Cancer patients who undergo PCI face a higher risk of early mortality
Cancer patients who undergo percutaneous coronary intervention (PCI) face a higher risk of early mortality, according to a new meta-analysis published in Current Problems in Cardiology.[1]
“The cancer population who have an indication for PCI is progressively increasing, posing a conundrum for revascularization due to uncertain risks and benefits in this high-risk population,” wrote first author Akshay Machanahalli Balakrishna, MD, with the department of medicine at Creighton University School of Medicine in Omaha, Nebraska, and colleagues. “Dual-antiplatelet agents, PCI, and drug-eluting stents are not routinely used in cancer patients due to a higher prevalence of thrombocytopenia and elevated risk of thrombosis. Therefore, patients with cancer, particularly those undergoing active cancer treatments, have traditionally been excluded from PCI trials. Despite the fact that the number of cancer patients undergoing PCI is increasing, there is very minimal data on early outcomes and peri-procedural complications in this cohort.”
Balakrishna et al. performed a systemic review and meta-analysis of studies focused on PCI outcomes among patients with a current or historical cancer diagnosis. With two different researchers independently screening each article for inclusion, the group ultimately landed on seven observational studies. The regions covered by these studies included the United States, Netherlands, Japan, Israel and Europe.
The team’s final analysis included nearly 6.6 million patients, and 0.2% presented with either active or historical cancer. Patients with cancer tended to be older and male. They were also more likely to present with comorbidities such as hypertension, peripheral vascular disease, heart failure, prior myocardial infarction and prior stroke.
Overall, PCI patients faced a higher risk of in-hospital mortality, 30-day mortality and in-hospital cardiovascular mortality if they presented with an active or historical cancer diagnosis.

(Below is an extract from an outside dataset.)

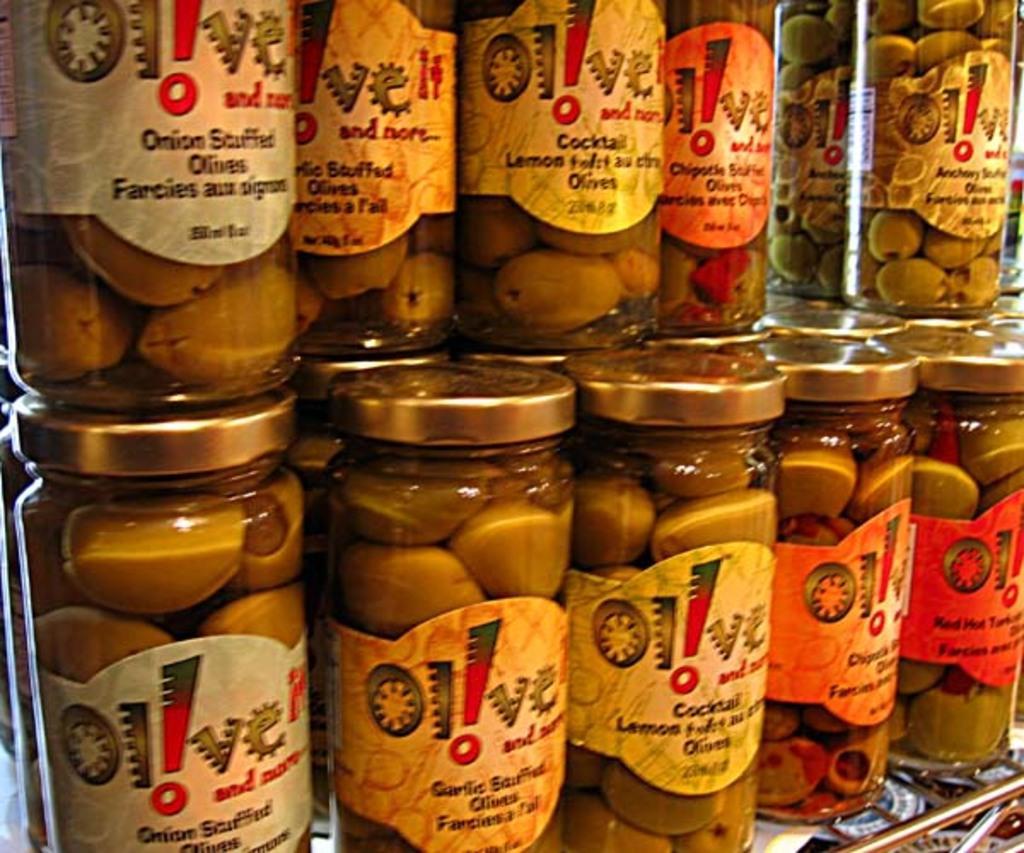Describe this image in one or two sentences. In this image, we can see some bottles, which are placed on the stand, in the bottles, we can see some food items and a paper is attached to a bottle. On the paper, we can see some text.

“The reduced utilization of drug-eluting stents and glycoprotein IIb/IIIa inhibitors in patients with cancer may further contribute to the higher rate of adverse outcomes,” the authors wrote. “There was a trend toward lower utilization of statins and dual anti-platelet agents on discharge in patients with cancer which may play an additional role in worse 30-day outcomes in this cohort.”
The risk of needing a blood transfusion was also higher among these patients, but other complication rates were comparable between the two groups.